Houseplants should be fertilized periodically to keep them thriving and growing. Because they are potted, the nutrients in their soil will be consumed rather quickly. That’s why fertilizing is important for indoor plant growth.
6. Repot Overgrown Houseplants
Indoor plants are kept in containers that they can eventually outgrow. Repotting them is easy – especially when done at the right time. The trick to knowing when you should repot an indoor plant is by looking at its roots.
If the roots have begun to grow out of the drainage holes in your pot, it is time to repot. No drainage holes? Repot when the plant has doubled in size. This can be a bit tricky to track, but you should be able to see when your plant has overgrown its pot.
One more important plant repotting tip when taking care of indoor plants: make sure you repot your houseplants at the right time. The best time to repot an indoor plant is generally during its growing period, and repotting it during the wrong season can actually stress the plant. To be safe, find out more about your particular plant’s ideal requirements.
7. Choose The Right Potting Soil
Soil is one of the most important factors for happy and healthy plants. The ideal soil for houseplants is typically light and well-draining. Because potted plants grow in a confined space, their soil needs to drain freely to avoid developing any serious diseases like root rot.

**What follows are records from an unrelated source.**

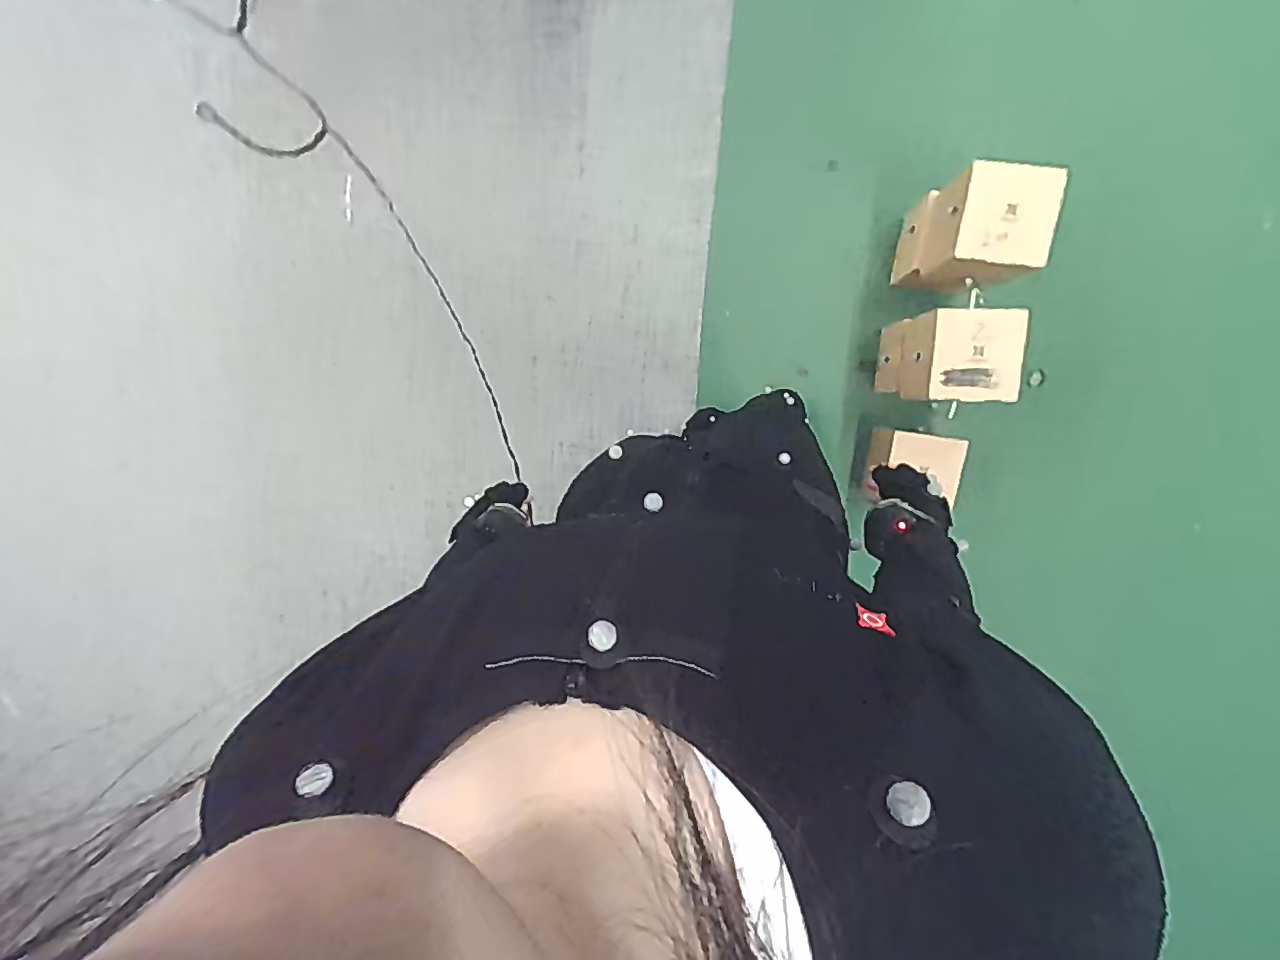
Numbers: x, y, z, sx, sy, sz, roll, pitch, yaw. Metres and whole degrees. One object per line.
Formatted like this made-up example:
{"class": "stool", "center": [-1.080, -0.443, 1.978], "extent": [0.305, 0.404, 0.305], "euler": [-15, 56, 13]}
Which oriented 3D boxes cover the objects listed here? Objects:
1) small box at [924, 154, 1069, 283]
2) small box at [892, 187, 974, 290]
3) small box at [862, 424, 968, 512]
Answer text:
{"class": "small box", "center": [0.692, -0.510, 1.075], "extent": [0.168, 0.176, 0.179], "euler": [10, 99, 6]}
{"class": "small box", "center": [0.703, -0.544, 1.236], "extent": [0.179, 0.176, 0.168], "euler": [11, 99, 5]}
{"class": "small box", "center": [0.659, -0.035, 1.318], "extent": [0.168, 0.176, 0.179], "euler": [10, 99, 5]}
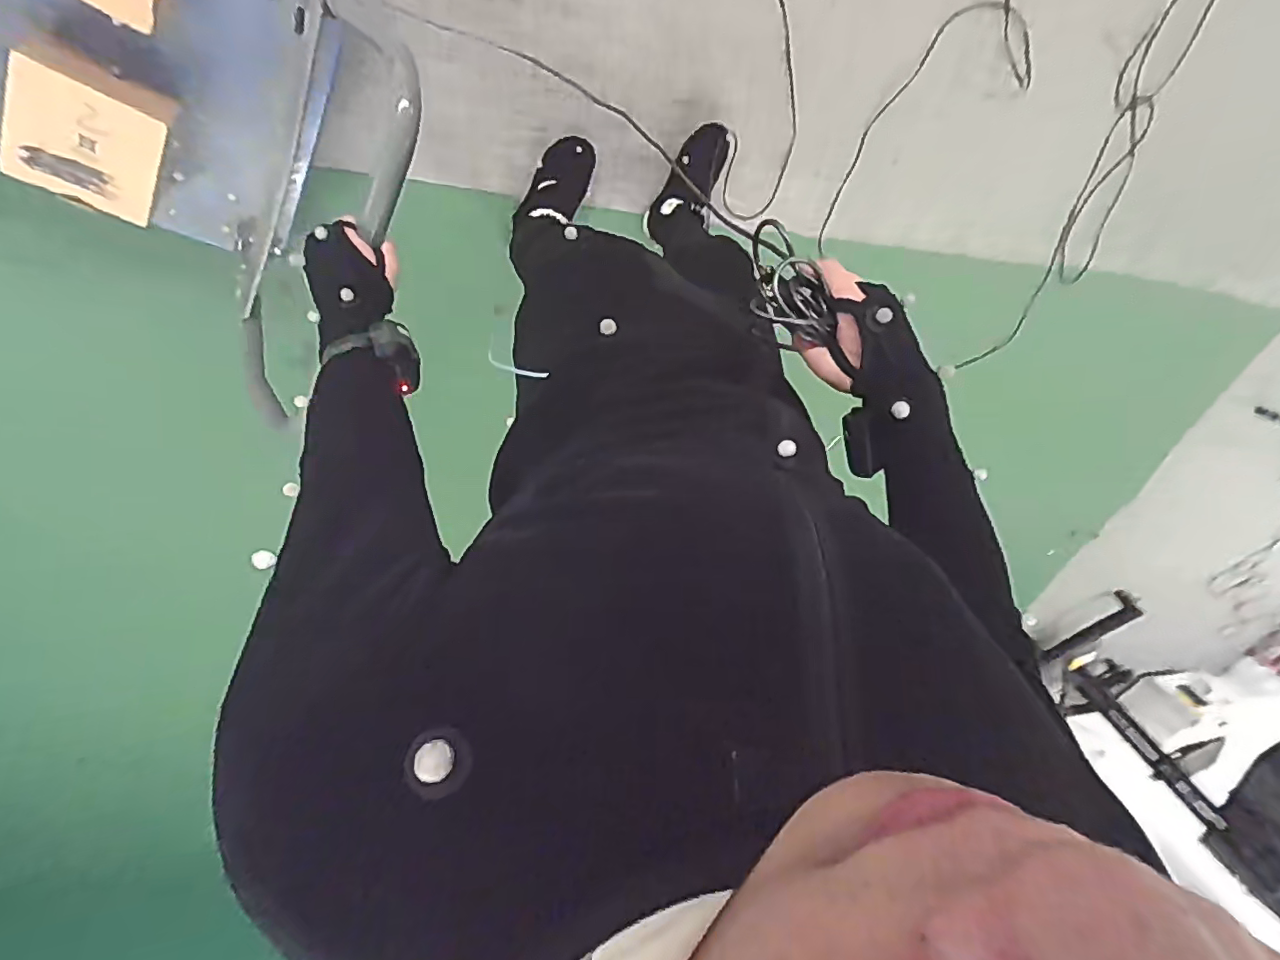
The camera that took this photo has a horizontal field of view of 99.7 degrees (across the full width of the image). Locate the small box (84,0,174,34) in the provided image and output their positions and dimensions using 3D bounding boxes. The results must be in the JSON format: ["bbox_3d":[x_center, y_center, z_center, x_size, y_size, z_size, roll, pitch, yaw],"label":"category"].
[{"bbox_3d":[-0.740,-0.751,0.723,0.179,0.176,0.168,13,124,-41],"label":"small box"}]
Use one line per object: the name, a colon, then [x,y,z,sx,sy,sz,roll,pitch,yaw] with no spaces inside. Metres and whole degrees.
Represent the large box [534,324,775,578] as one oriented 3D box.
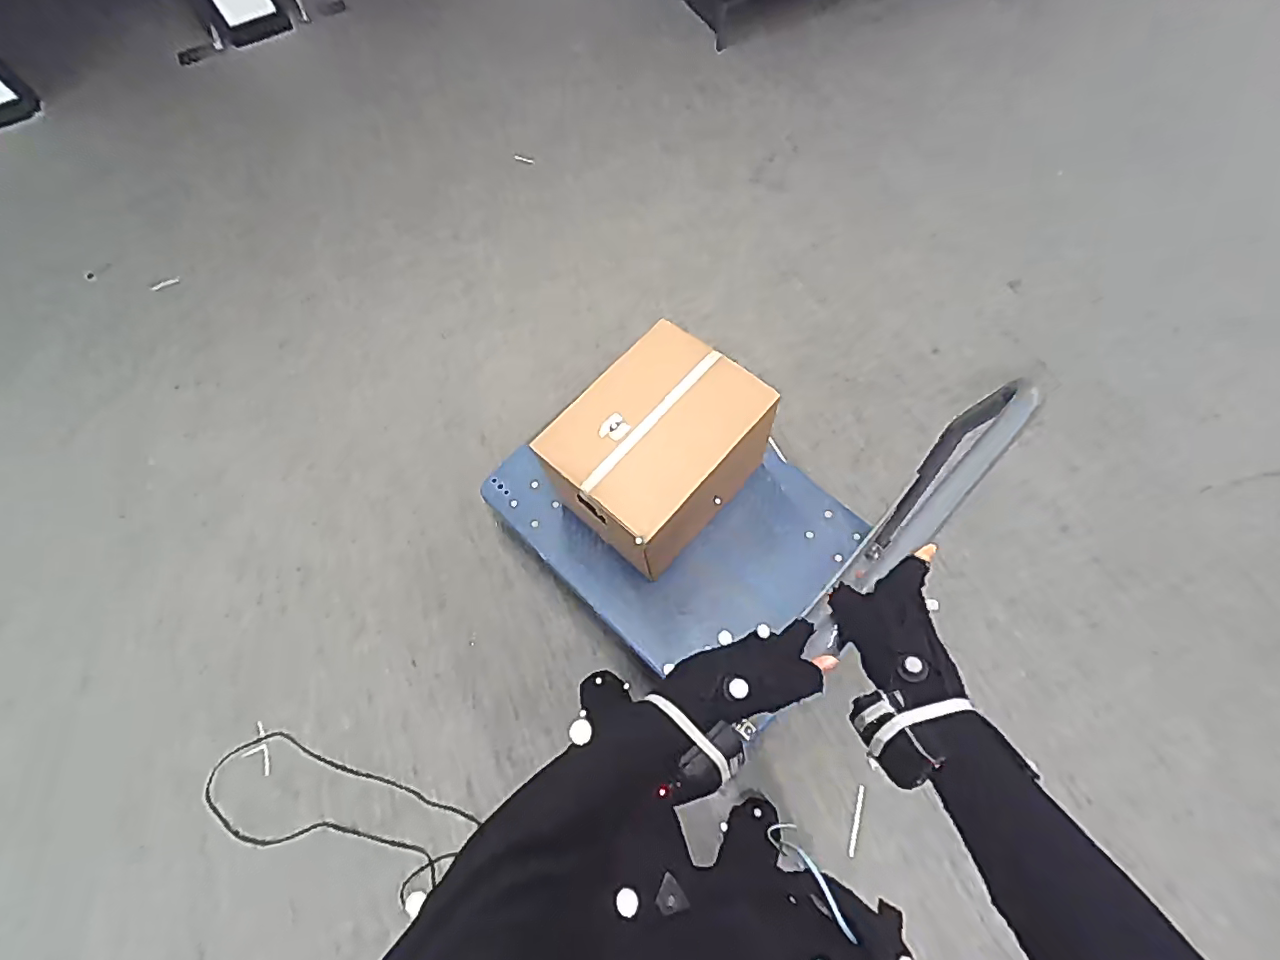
large box: [0.043,-0.054,1.204,0.320,0.320,0.408,38,76,20]
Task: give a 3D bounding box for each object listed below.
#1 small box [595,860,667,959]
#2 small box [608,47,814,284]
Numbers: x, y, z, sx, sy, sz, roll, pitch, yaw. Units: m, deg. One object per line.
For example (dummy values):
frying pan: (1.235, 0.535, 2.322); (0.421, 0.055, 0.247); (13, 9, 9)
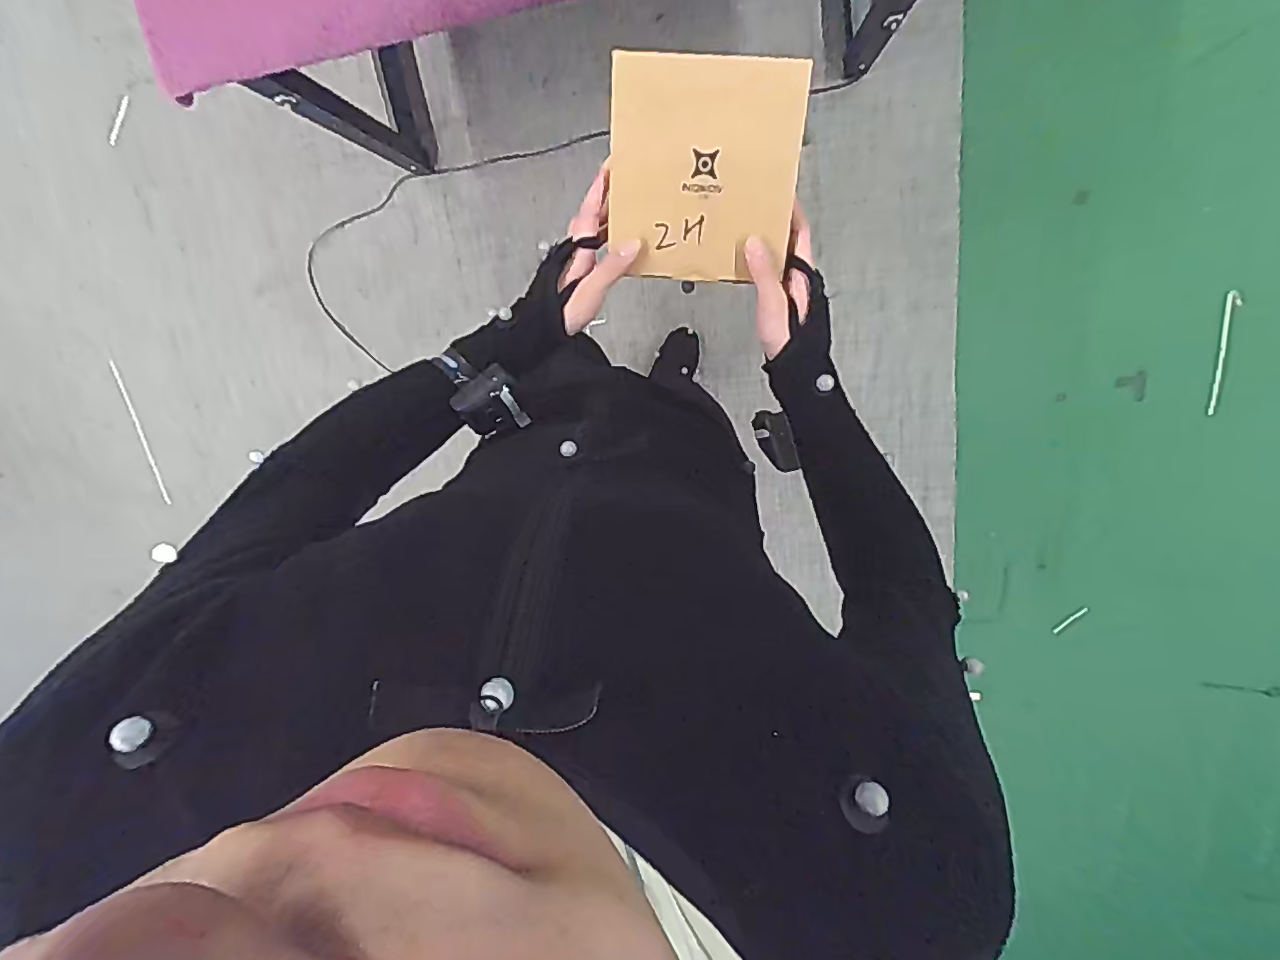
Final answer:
small box: (-0.017, 1.185, 1.474); (0.168, 0.176, 0.179); (-4, 105, 8)
small box: (0.060, -0.298, 0.546); (0.168, 0.176, 0.179); (4, 112, 2)

While you can create your own potting mixture, it is often easier and safer to make use of store-bought potting soil. When purchasing potting soil for your indoor plants, make sure to choose something houseplant-specific or something specific to your particular species.
8. Prune Your Plants to Make Them Healthier
Plant pruning is an important part of maintaining a healthy plant. It is a task that should be done regularly to keep them free of diseased or damaged foliage. Pruning is also an ideal way to encourage new growth.
Although the best time to prune your houseplants is during spring and summer, you should always look out for leaves that need to be removed. It is best to spot prune your indoor plants often. Always remove yellowing, damaged, or diseased foliage as it appears. If your houseplant has an abundance of foliage and needs to be thinned out to improve air circulation, this should be done during the plant’s growing period.
9. Propagate Houseplants When Needed
If you wish to reproduce your favorite houseplant, you can propagate it! There are several plant propagation methods you can try, however, not all plants can be propagated the same way. The most common methods include cuttings, division, and seed. If you are taking cuttings or dividing one of your own plants, make sure it’s from a plant with healthy growth.
Depending on the type of plant and the method of propagation you are using, you can also try growing plants in water, without soil.
10. Clean Plant Leaves Regularly
One way to ensure your houseplants are getting enough light is to keep their leaves clean. Dust commonly collects on plants and, if left unattended, can affect the plant’s growth and ability to absorb light. You should clean plants often to keep a layer of dust from forming over their leaves.
To clean the leaves, you will just need a slightly damp cloth. With the damp cloth, gently wipe each individual leaf down to remove any dust build-up. Cleaning your plant leaves is also a good time to check for any pests or foliage that needs to be pruned. Doing this is a quick way to get through your plant care routine.
11. Control Indoor Plant Pests
Houseplants that are not maintained are typically more susceptible to attracting pests. There are several common houseplant pests that can infest your indoor green friends. Pests you are most likely to run into include mealybugs, spider mites, aphids, and thrips.
Getting rid of insects is generally an easy task if you catch them early. Once they have infested your plant, it becomes much harder to get rid of them. Typically, you can rid your house plants of common pests by using a bit of pesticide. You can also wipe the foliage down with some neem oil on a cotton pad.